Maka pada siang itu kutinggalkan Perpustakaan dengan hati yang kosong lalu  kuturuni tangga-tangga perpustakaan itu dan selalu saja kuhitung walaupun aku tahu ada berapa banyaknya.
Sore itu sehabis pulang Praktikum Kimia Organik, Erika mengajakku untuk membicarakan sesuatu. Aku sudah tahu sebenarnya apa yang akan dibicarakan nanti.
"Hensa!" suara Erika pelan.
"Ya Rika!" kataku.
"Apakah kau pernah mendengar cerita Siti Nurbaya abad dua puluh satu ?" tanyanya.
"Ah sudahlah Ri, akan lebih baik jika kita dapat melupakan semuanya," kataku datar.

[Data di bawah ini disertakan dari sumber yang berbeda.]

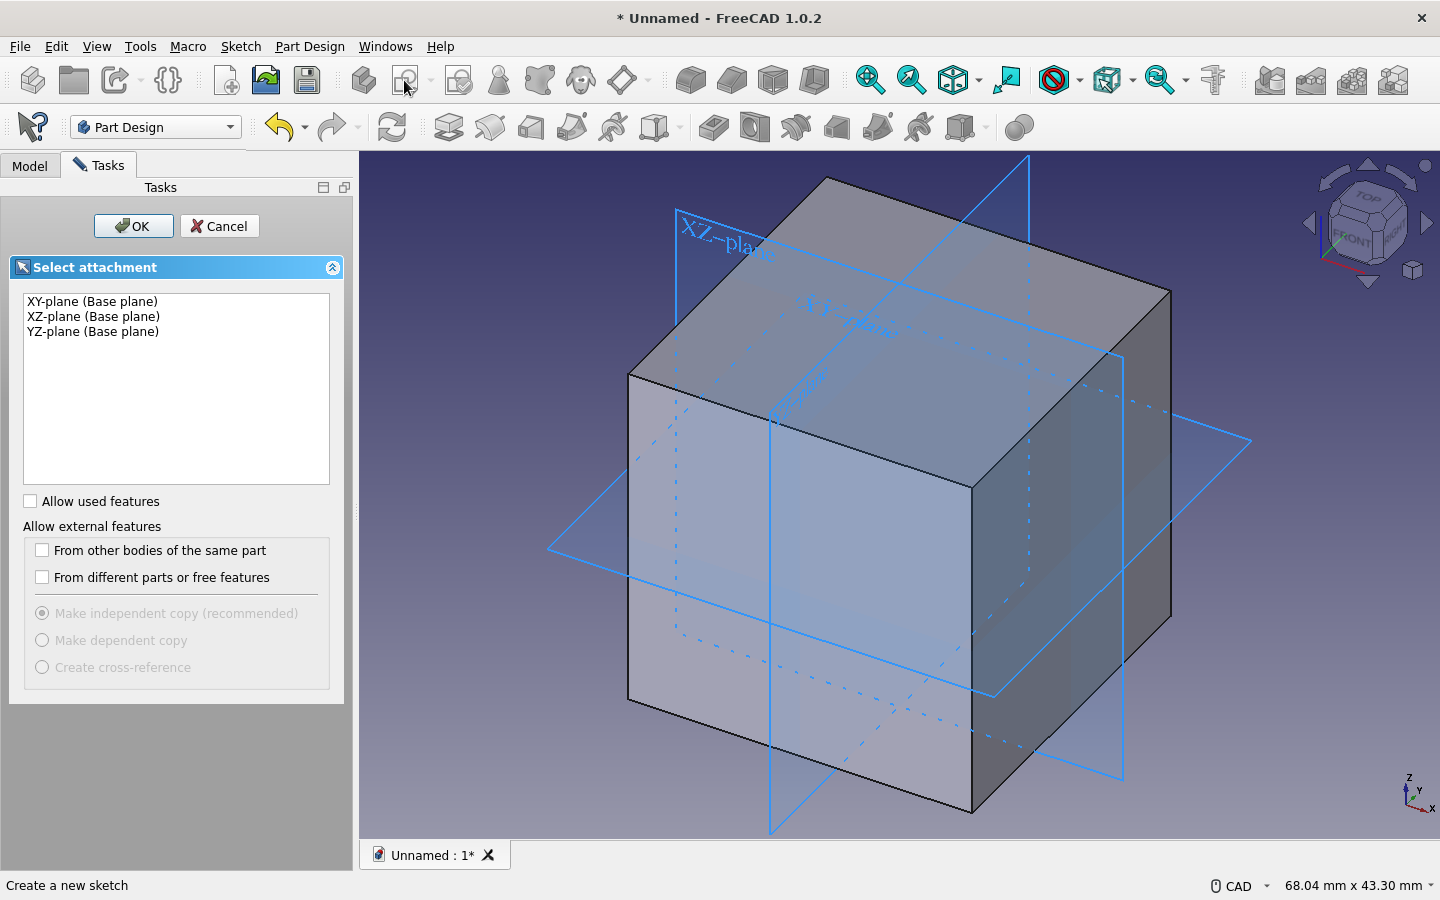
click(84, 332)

"Hensa! Aku harap kamu mengerti. Pertunangan ini tidak bisa aku tolak karena aku harus berbakti kepada orang tuaku, " suara Erika lirih dan air mata itu menitik di kedua lesung pipinya.
Ruangan perpustakaan itu sepi dan memang tak ada siapapun disana kecuali kami berdua. Eh, tidak, tidak, ada pegawai perpustakaan yang rupanya terheran-heran melihat Erika menangis.
"Rika, aku tak mau kau menangis. Aku mencintaimu seperti dulu walaupun sekarang harus aku hadapi kenyataan ini," kataku datar dan  Erika masih terisak.
"Hensa, bukankah kau bisa berbuat sesuatu untukku ?". Mendengar ini Aku hanya  terdiam.
"Maukah kau bawa aku pergi dari sini. Aku tak mau dipaksa mencintai orang yang tak kucintai," kata Erika terisak. Aku tersenyum memandang Sang Kekasih tengah menangis dan wajahnya tertutup kesepuluh jemarinya yang mungil. Ia terisak sehingga nampak bahunya terguncang.